A handful of civil liberties groups, most notably the ACLU, have attempted to discredit and even defeat laws that would protect thousands of individuals from sexual exploitation. They have often attempted to do so in the name of the First Amendment. Their claims that IPPA, and state laws that resemble it, are overly broad or chill free speech have been unequivocally rejected by constitutional law experts. These include Professor Erwin Chemerinsky, Dean of UC Irvine School of Law, who, in addition to being one of the most influential legal scholars in the country, has argued several cases in front of the Supreme Court. According to Professor Chemerinsky, “There is no First Amendment problem with this bill. The First Amendment does not protect a right to invade a person’s privacy by publicizing, without consent, nude photographs or videos of sexual activity.”Eugene Volokh, a First Amendment expert and professor at UCLA School of Law who is well known for his skepticism of “most privacy-based speech restrictions,”stated that the Intimate Privacy Protection Act is “quite narrow, and pretty clearly defined.” Neil Richards, a First Amendment and privacy scholar and professor at Washington University School of Law, called IPPA “a very well-drafted law.”

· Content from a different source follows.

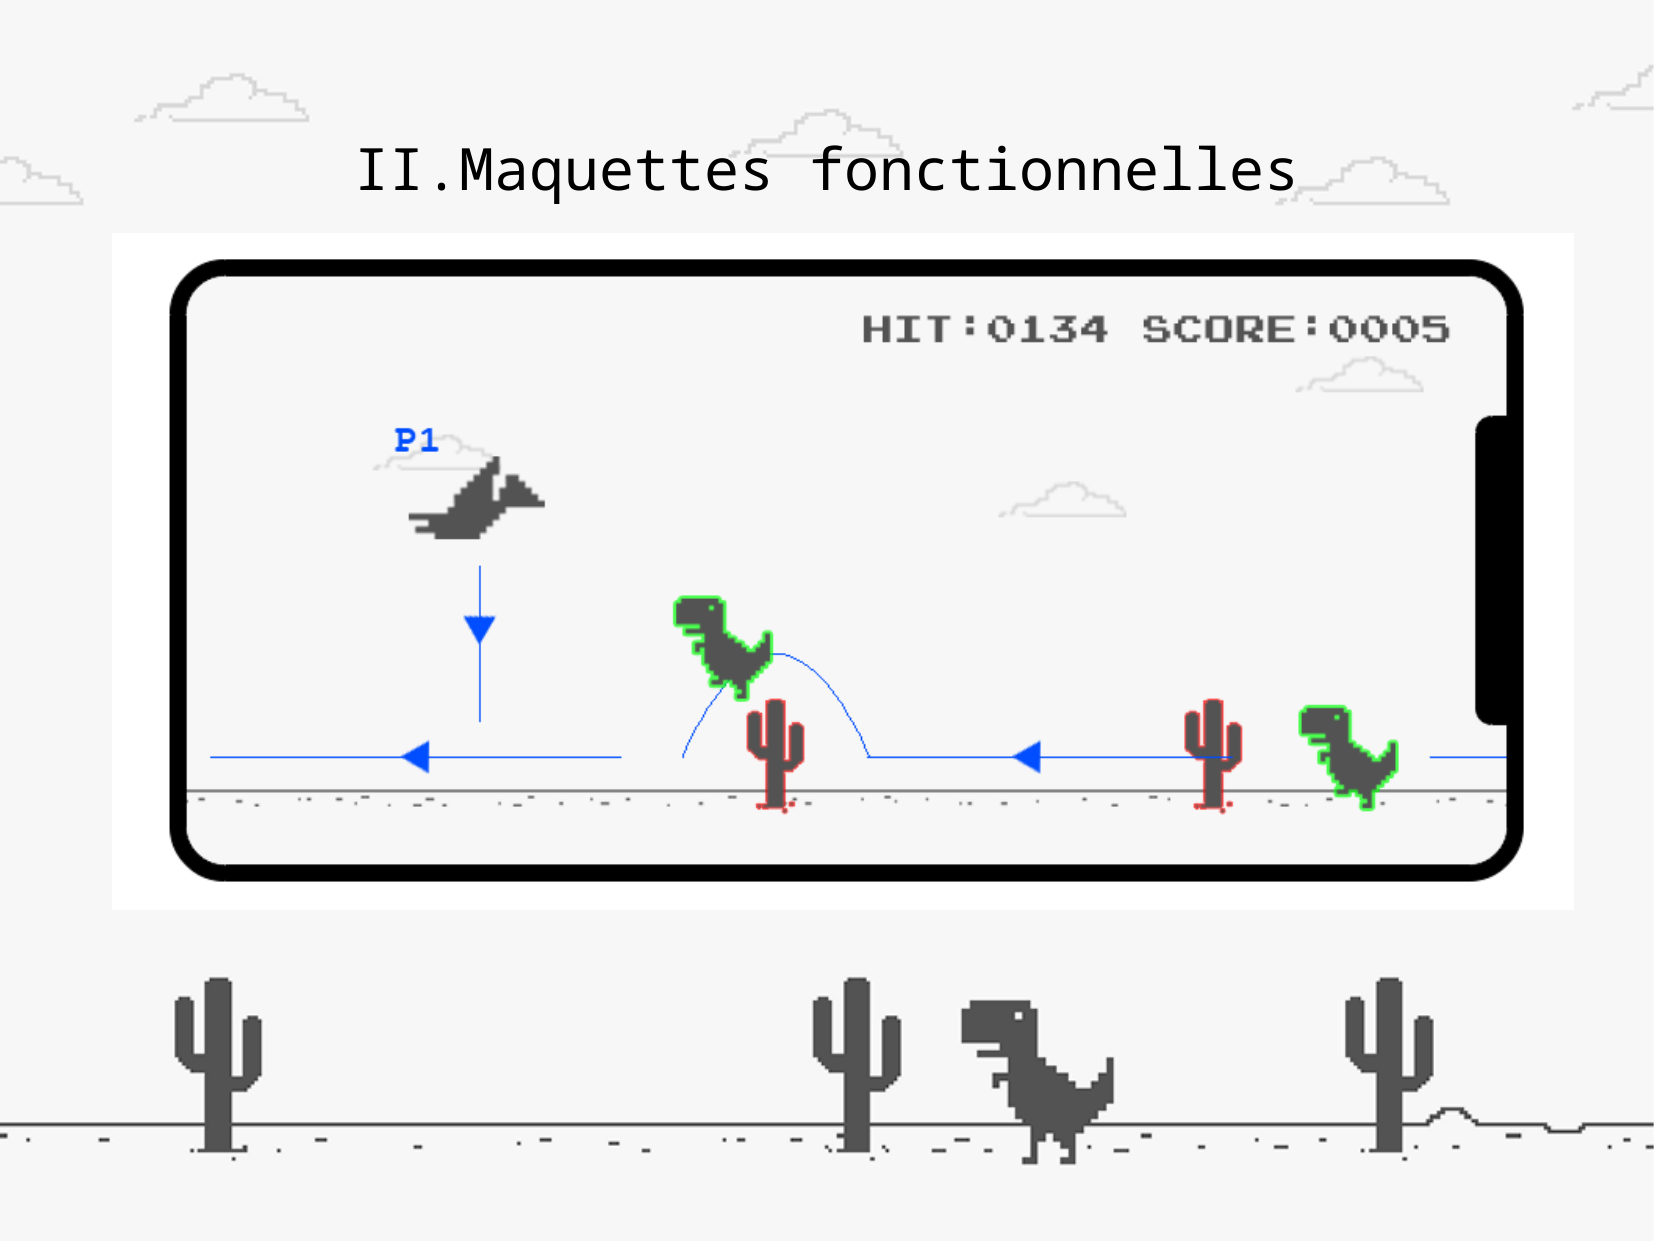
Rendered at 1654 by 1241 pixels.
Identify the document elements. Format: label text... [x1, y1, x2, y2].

picture [0, 0, 1654, 1241]
title II.Maquettes fonctionnelles [82, 64, 1571, 272]
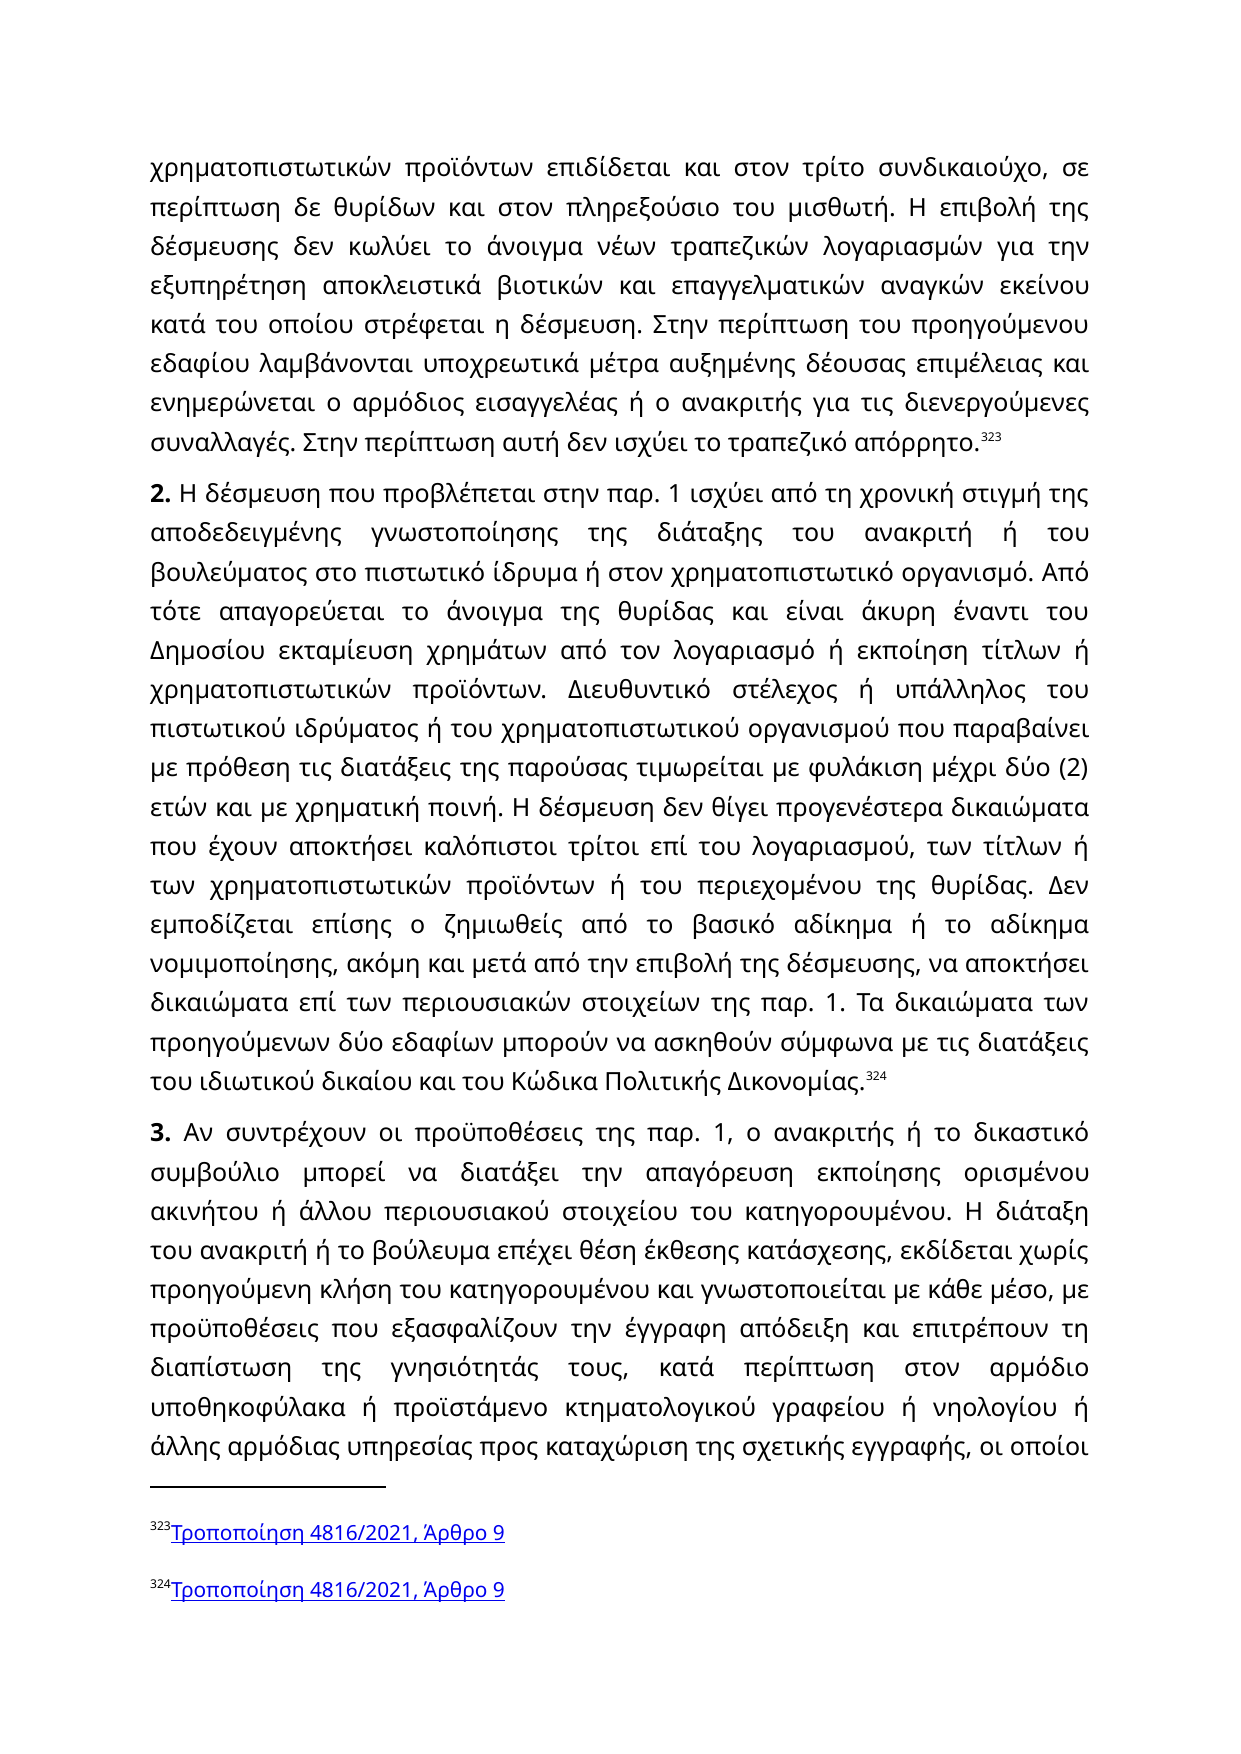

Likewise, claims that the Intimate Privacy Protection Act will stifle the tech industry have been contradicted by the fact that major leaders in the industry support the bill. These include both Facebook and Twitter. According to Amanda Faulkner, US Public Policy Manager of Twitter, the company is “glad to see Rep. Speier and so many of our safety partners taking the lead on this important issue, and we’re proud to stand with them in support of this legislation.”
The overwhelming support for the bill from experts and stakeholders has forced its few critics to resort to desperate tactics, in particular appealing to deliberately misleading terminology and farfetched hypotheticals. Representatives of the ACLU have insisted that the bill must explicitly include language about “malicious intent.” But such language isn’t found in other privacy laws, including many supported by the ACLU itself. That is because privacy laws recognize that the act of knowingly invading the privacy of another is itself malicious. When compelled to clarify, critics have admitted that their real demand is a motive requirement, and a remarkably arbitrary one at that. According to the ACLU, nonconsensual pornography should only be prohibited if the offender intends to harass the victim.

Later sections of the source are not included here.